**REQUIRED ACTION**
The answer is to be the lines below that lie between the line holding "Give a very brief answer. Large." and the line holding "How many new", inclusive, transcribed exactly and free of pictures.

Records drawn from a dataset
*** Block opens ***

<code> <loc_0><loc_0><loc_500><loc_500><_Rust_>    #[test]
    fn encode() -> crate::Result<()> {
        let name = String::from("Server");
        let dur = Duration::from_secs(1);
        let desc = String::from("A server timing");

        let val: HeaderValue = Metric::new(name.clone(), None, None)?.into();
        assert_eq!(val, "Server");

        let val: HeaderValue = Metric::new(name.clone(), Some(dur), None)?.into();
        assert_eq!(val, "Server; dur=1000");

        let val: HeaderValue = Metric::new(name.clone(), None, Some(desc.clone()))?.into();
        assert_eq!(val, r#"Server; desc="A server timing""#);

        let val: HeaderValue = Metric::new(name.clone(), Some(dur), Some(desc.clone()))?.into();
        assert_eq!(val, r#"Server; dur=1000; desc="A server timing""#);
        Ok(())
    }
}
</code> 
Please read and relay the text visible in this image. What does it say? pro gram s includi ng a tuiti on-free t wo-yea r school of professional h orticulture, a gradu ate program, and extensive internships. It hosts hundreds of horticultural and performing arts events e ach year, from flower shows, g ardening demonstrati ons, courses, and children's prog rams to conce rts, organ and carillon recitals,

*** Block closes ***
*** Block opens ***

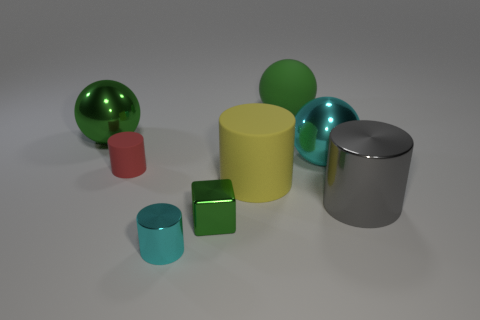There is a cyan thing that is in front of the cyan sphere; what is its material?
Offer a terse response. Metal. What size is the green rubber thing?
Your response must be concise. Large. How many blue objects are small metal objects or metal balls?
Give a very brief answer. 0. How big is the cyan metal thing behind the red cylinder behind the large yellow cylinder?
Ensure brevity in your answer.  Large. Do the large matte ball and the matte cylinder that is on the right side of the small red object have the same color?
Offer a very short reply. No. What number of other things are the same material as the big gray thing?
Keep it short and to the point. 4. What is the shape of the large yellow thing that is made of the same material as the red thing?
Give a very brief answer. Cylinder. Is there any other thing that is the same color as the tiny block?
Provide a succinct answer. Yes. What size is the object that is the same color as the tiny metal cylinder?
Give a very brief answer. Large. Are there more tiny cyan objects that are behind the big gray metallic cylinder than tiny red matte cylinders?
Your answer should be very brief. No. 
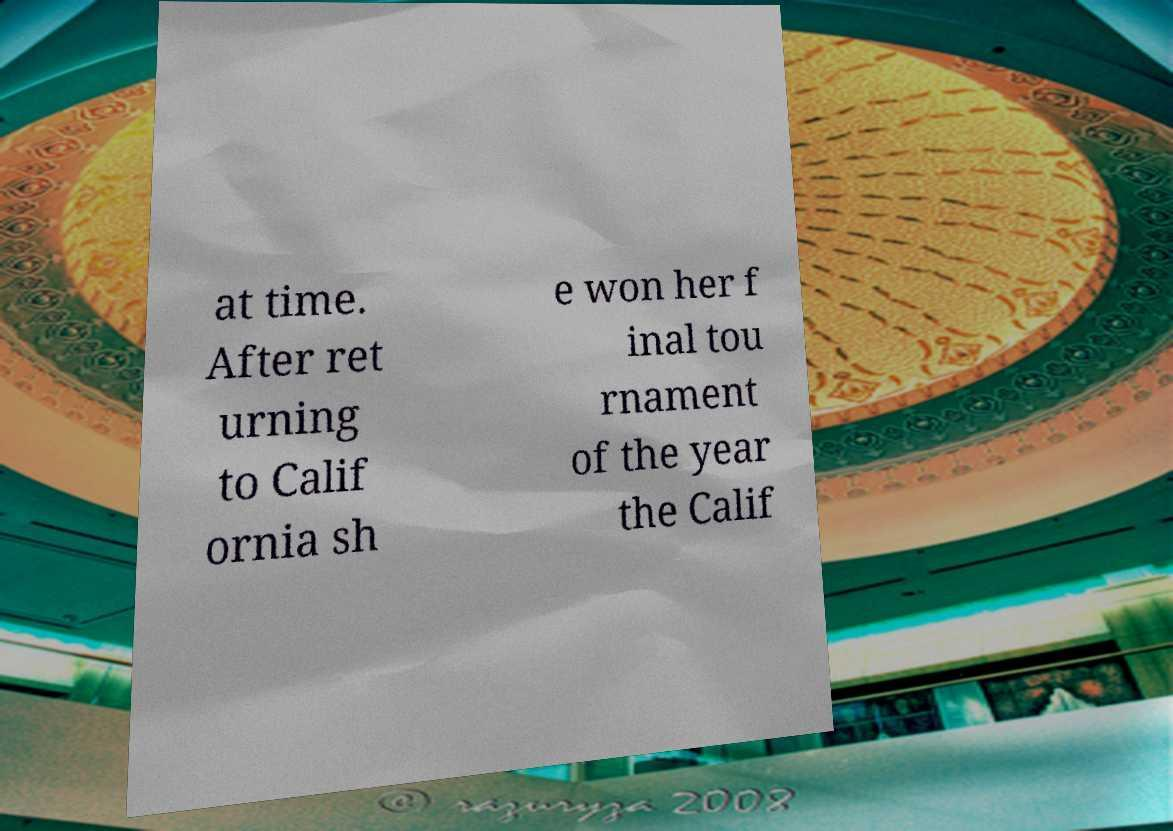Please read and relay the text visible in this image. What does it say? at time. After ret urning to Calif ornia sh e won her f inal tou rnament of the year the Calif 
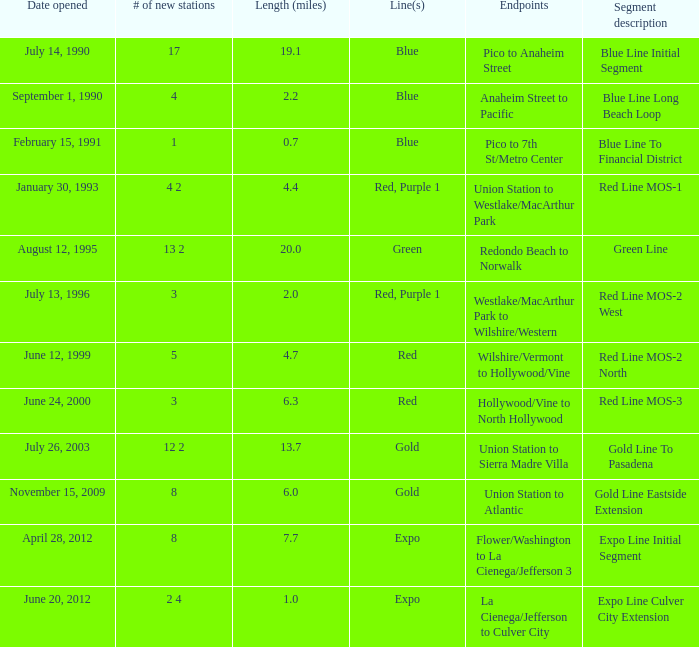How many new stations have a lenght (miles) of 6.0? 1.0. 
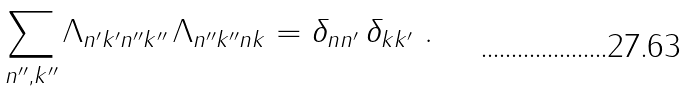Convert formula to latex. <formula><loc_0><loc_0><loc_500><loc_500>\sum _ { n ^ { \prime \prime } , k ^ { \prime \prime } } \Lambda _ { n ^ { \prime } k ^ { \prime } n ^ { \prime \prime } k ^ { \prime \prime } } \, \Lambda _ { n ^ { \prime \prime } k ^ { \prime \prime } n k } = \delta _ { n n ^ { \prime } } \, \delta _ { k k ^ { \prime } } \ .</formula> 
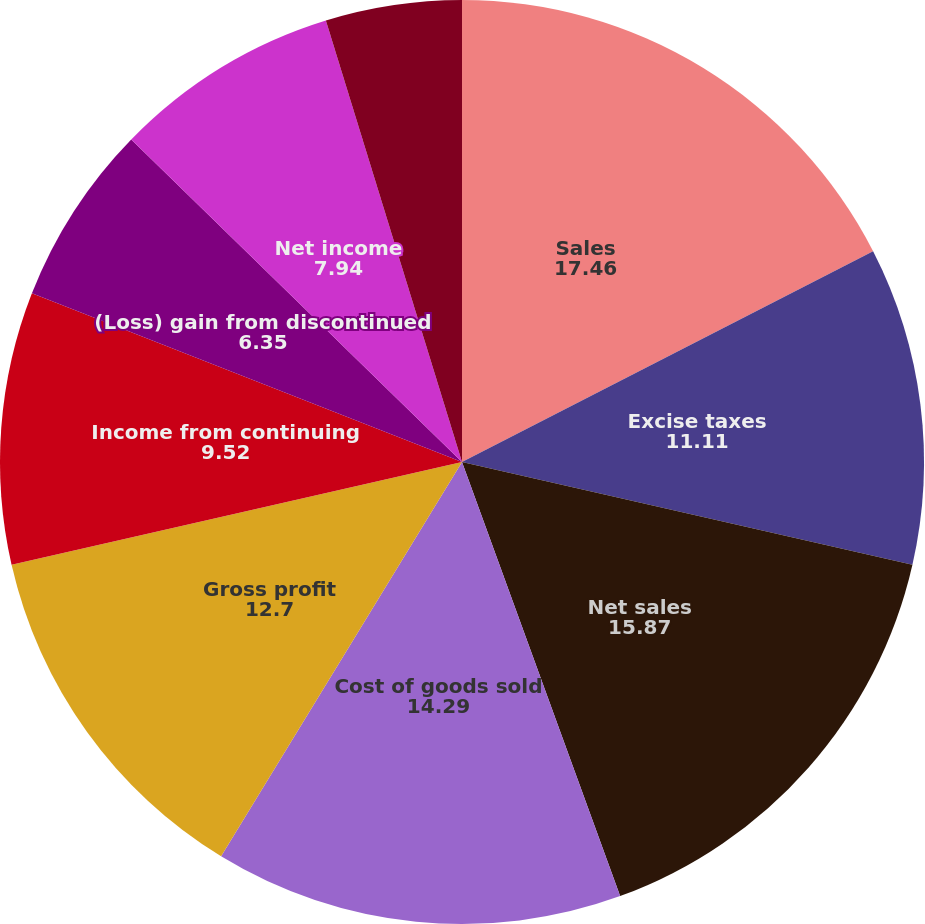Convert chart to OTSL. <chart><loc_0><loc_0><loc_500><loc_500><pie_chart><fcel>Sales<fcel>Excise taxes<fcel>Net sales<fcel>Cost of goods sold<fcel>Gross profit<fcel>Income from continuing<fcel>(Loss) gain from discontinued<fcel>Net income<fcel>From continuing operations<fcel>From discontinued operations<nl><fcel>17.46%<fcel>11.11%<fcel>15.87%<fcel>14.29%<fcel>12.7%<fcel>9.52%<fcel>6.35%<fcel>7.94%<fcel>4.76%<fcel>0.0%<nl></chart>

*** Block closes ***

**EXPECTED ANSWER**
Give a very brief answer. Large. Are there more tiny cyan objects that are behind the big gray metallic cylinder than tiny red matte cylinders?
Your answer should be very brief. No. 
Please read and relay the text visible in this image. What does it say? at time. After ret urning to Calif ornia sh e won her f inal tou rnament of the year the Calif 
How many new stations have a lenght (miles) of 6.0? 1.0. 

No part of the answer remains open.